報道と写真

2021年3月7日

宣言解除後初の週末、人出そろり リバウンド懸念
 
こういうタイトルの新聞記事。そこに、海の中道海浜公園のふわふわドーム(?)で飛び跳ねる子どもたちの写真がある。記事の内容は、そんなに人出が増えているわけではないという、さて、この記事のほうを見て戴きたいのだが、このリンク先の子どもたちの写真を皆さんはどう捉えるだろうか。  

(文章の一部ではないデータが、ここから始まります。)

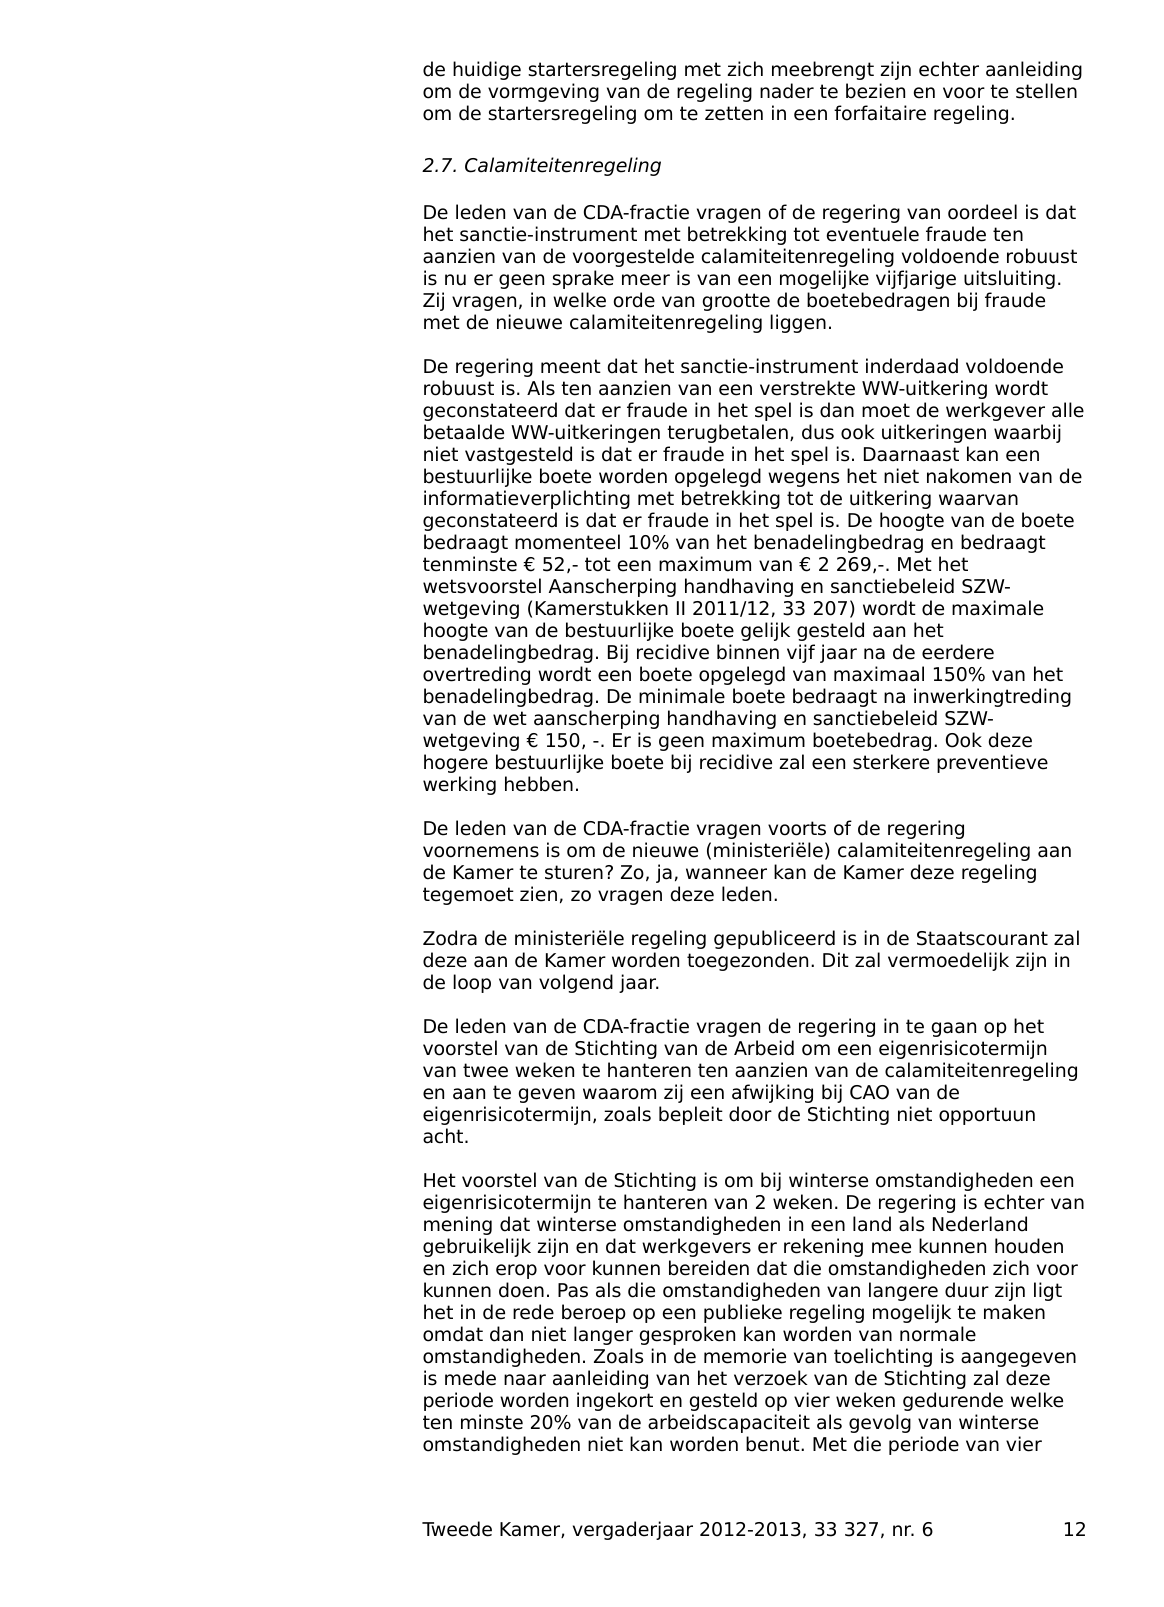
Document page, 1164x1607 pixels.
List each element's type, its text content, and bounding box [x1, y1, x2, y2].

text De leden van de CDA-fractie vragen voorts of de regering voornemens is om de nieuwe (ministeriële) calamiteitenregeling aan de Kamer te sturen? Zo, ja, wanneer kan de Kamer deze regeling tegemoet zien, zo vragen deze leden. [422, 818, 1087, 906]
text De leden van de CDA-fractie vragen de regering in te gaan op het voorstel van de Stichting van de Arbeid om een eigenrisicotermijn van twee weken te hanteren ten aanzien van de calamiteitenregeling en aan te geven waarom zij een afwijking bij CAO van de eigenrisicotermijn, zoals bepleit door de Stichting niet opportuun acht. [422, 1016, 1087, 1148]
text Het voorstel van de Stichting is om bij winterse omstandigheden een eigenrisicotermijn te hanteren van 2 weken. De regering is echter van mening dat winterse omstandigheden in een land als Nederland gebruikelijk zijn en dat werkgevers er rekening mee kunnen houden en zich erop voor kunnen bereiden dat die omstandigheden zich voor kunnen doen. Pas als die omstandigheden van langere duur zijn ligt het in de rede beroep op een publieke regeling mogelijk te maken omdat dan niet langer gesproken kan worden van normale omstandigheden. Zoals in de memorie van toelichting is aangegeven is mede naar aanleiding van het verzoek van de Stichting zal deze periode worden ingekort en gesteld op vier weken gedurende welke ten minste 20% van de arbeidscapaciteit als gevolg van winterse omstandigheden niet kan worden benut. Met die periode van vier [422, 1170, 1087, 1456]
text Zodra de ministeriële regeling gepubliceerd is in de Staatscourant zal deze aan de Kamer worden toegezonden. Dit zal vermoedelijk zijn in de loop van volgend jaar. [422, 928, 1087, 994]
text De leden van de CDA-fractie vragen of de regering van oordeel is dat het sanctie-instrument met betrekking tot eventuele fraude ten aanzien van de voorgestelde calamiteitenregeling voldoende robuust is nu er geen sprake meer is van een mogelijke vijfjarige uitsluiting. Zij vragen, in welke orde van grootte de boetebedragen bij fraude met de nieuwe calamiteitenregeling liggen. [422, 202, 1087, 334]
subtitle 2.7. Calamiteitenregeling [422, 155, 1087, 177]
text de huidige startersregeling met zich meebrengt zijn echter aanleiding om de vormgeving van de regeling nader te bezien en voor te stellen om de startersregeling om te zetten in een forfaitaire regeling. [422, 59, 1087, 125]
text De regering meent dat het sanctie-instrument inderdaad voldoende robuust is. Als ten aanzien van een verstrekte WW-uitkering wordt geconstateerd dat er fraude in het spel is dan moet de werkgever alle betaalde WW-uitkeringen terugbetalen, dus ook uitkeringen waarbij niet vastgesteld is dat er fraude in het spel is. Daarnaast kan een bestuurlijke boete worden opgelegd wegens het niet nakomen van de informatieverplichting met betrekking tot de uitkering waarvan geconstateerd is dat er fraude in het spel is. De hoogte van de boete bedraagt momenteel 10% van het benadelingbedrag en bedraagt tenminste € 52,- tot een maximum van € 2 269,-. Met het wetsvoorstel Aanscherping handhaving en sanctiebeleid SZW-wetgeving (Kamerstukken II 2011/12, 33 207) wordt de maximale hoogte van de bestuurlijke boete gelijk gesteld aan het benadelingbedrag. Bij recidive binnen vijf jaar na de eerdere overtreding wordt een boete opgelegd van maximaal 150% van het benadelingbedrag. De minimale boete bedraagt na inwerkingtreding van de wet aanscherping handhaving en sanctiebeleid SZW-wetgeving € 150, -. Er is geen maximum boetebedrag. Ook deze hogere bestuurlijke boete bij recidive zal een sterkere preventieve werking hebben. [422, 356, 1087, 796]
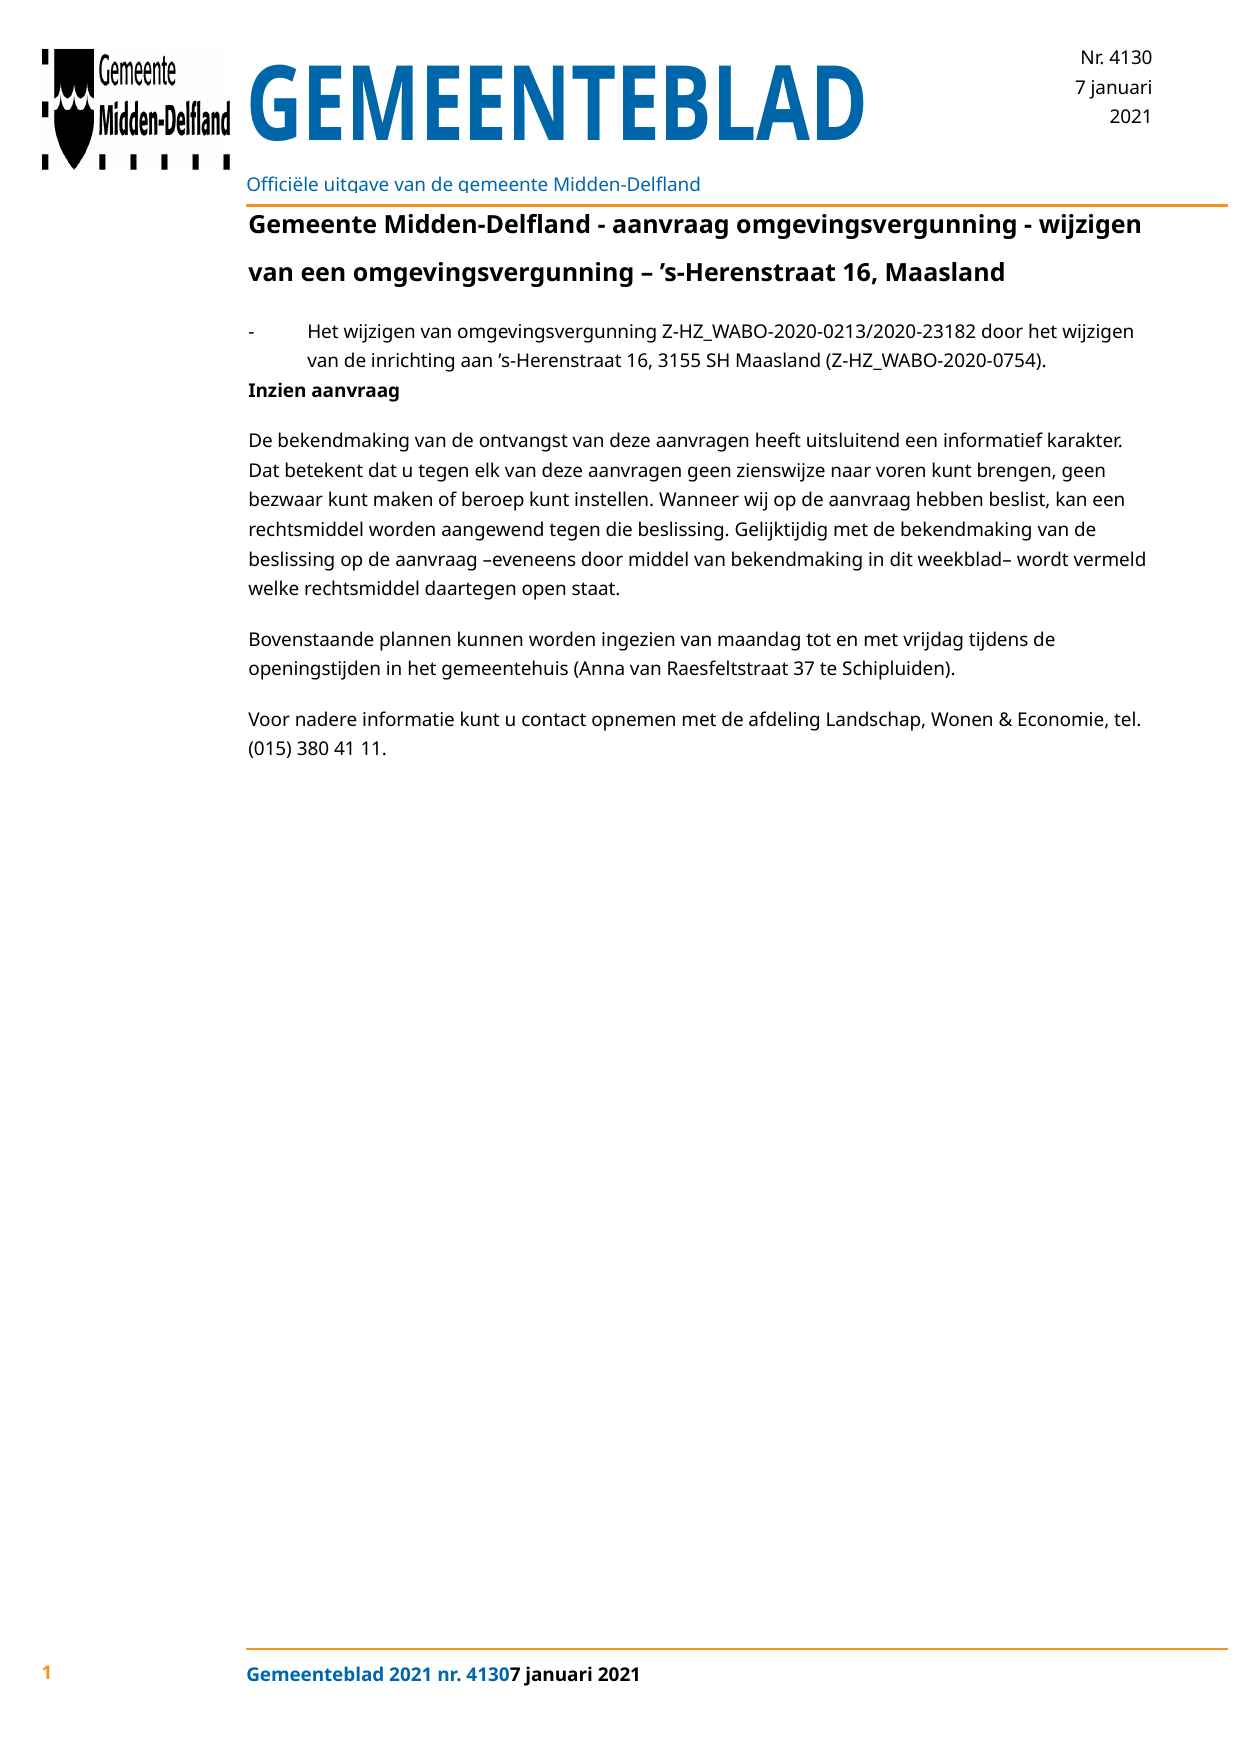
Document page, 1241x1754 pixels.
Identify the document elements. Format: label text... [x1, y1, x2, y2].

list Het wijzigen van omgevingsvergunning Z-HZ_WABO-2020-0213/2020-23182 door het wijzigen van de inrichting aan ’s-Herenstraat 16, 3155 SH Maasland (Z-HZ_WABO-2020-0754). [248, 318, 1152, 373]
picture [41, 47, 231, 172]
text De bekendmaking van de ontvangst van deze aanvragen heeft uitsluitend een informatief karakter. Dat betekent dat u tegen elk van deze aanvragen geen zienswijze naar voren kunt brengen, geen bezwaar kunt maken of beroep kunt instellen. Wanneer wij op de aanvraag hebben beslist, kan een rechtsmiddel worden aangewend tegen die beslissing. Gelijktijdig met de bekendmaking van de beslissing op de aanvraag –eveneens door middel van bekendmaking in dit weekblad– wordt vermeld welke rechtsmiddel daartegen open staat. [248, 427, 1152, 601]
text Voor nadere informatie kunt u contact opnemen met de afdeling Landschap, Wonen & Economie, tel. (015) 380 41 11. [248, 706, 1152, 761]
text Bovenstaande plannen kunnen worden ingezien van maandag tot en met vrijdag tijdens de openingstijden in het gemeentehuis (Anna van Raesfeltstraat 37 te Schipluiden). [248, 626, 1152, 681]
text Inzien aanvraag [248, 377, 1152, 403]
text Gemeente Midden-Delfland - aanvraag omgevingsvergunning - wijzigen van een omgevingsvergunning – ’s-Herenstraat 16, Maasland [248, 207, 1152, 288]

記事内容に、海の中道海浜公園の説明はないが、人出がいくらか増えている、という記述がある。しかし観光地の人では回復していない、というのが記事の主旨であるように見えた。経済のためにそれが必要である、と言いたいことのようだ。これから戻ってきてほしい、という内容であった。
 
この文面からすると、子どもたちの写真を見る目は、たとえばこんなふうなものがあるだろうか。「子どもたちが遊べてよかったな」「けっこう多いな」「密でないだろうか」「先週まではもっと少なかったんだろう」「いまはこんなに増えているのか」その他、いろいろあるかもしれない。
 
私は、花を愛でに2月に海の中道海浜公園を訪れた。行ってみて、人が多いのに驚いた。そしてこの同じドームにあまりに子どもたちがかたまっていたので、失礼ながら遠目に写真に収めていた。ぼかしを入れたものがそれであるが、比べて戴きたい。私の目には2月のほうが子どもは密である。
 
休日となれば、2月からすでに相当に人混みがあったのだ。記事文面と写真とから与える印象は、この事実を全く感じさせないものだとは言えないだろうか。
 
報道による情報提供というものは、先に主張ありきであるかもしれない。そして私たちは、見た写真から、事実と違う印象を簡単に懐いてしまうことがあると覚るべきではないだろうか。
 
特に新型コロナウイルスについては、未知のことが多いだけに、様々な情報が飛び交い、当初の混乱は酷かった。キリスト教界のオピニオンリーダーが、偽の情報を垂れ流しにしているのも見た。注意を促してみても、修正もしなかった。その後も、ニュースソースを利用して、政治家を揶揄したり、何々は酷いとあまり上品でない声を投稿する人も多かった。さて、そのソースは本当に、その非難の根拠として適切であったのだろうか。マスコミや当局に操作されていた可能性は、ないのだろうか。
 
記事の意図するものに、私たちは簡単に乗せられていく。これを弁えておくことは、必要なリテラシーであるはずなのだが、自分は騙されないと口にする人こそ詐欺のカモだという話があるように、私たちの情報に対するシステムは、脆弱そのものだというところからスタートしたいと切に思う。
 
 
※なお、その後、記事のタイトルは「宣言解除後初の週末、人影まばらな観光地」と変えられている。最初は、冒頭のタイトルだった。意図を明確にするためのタイトルも、情報操作に関係するものと思われる。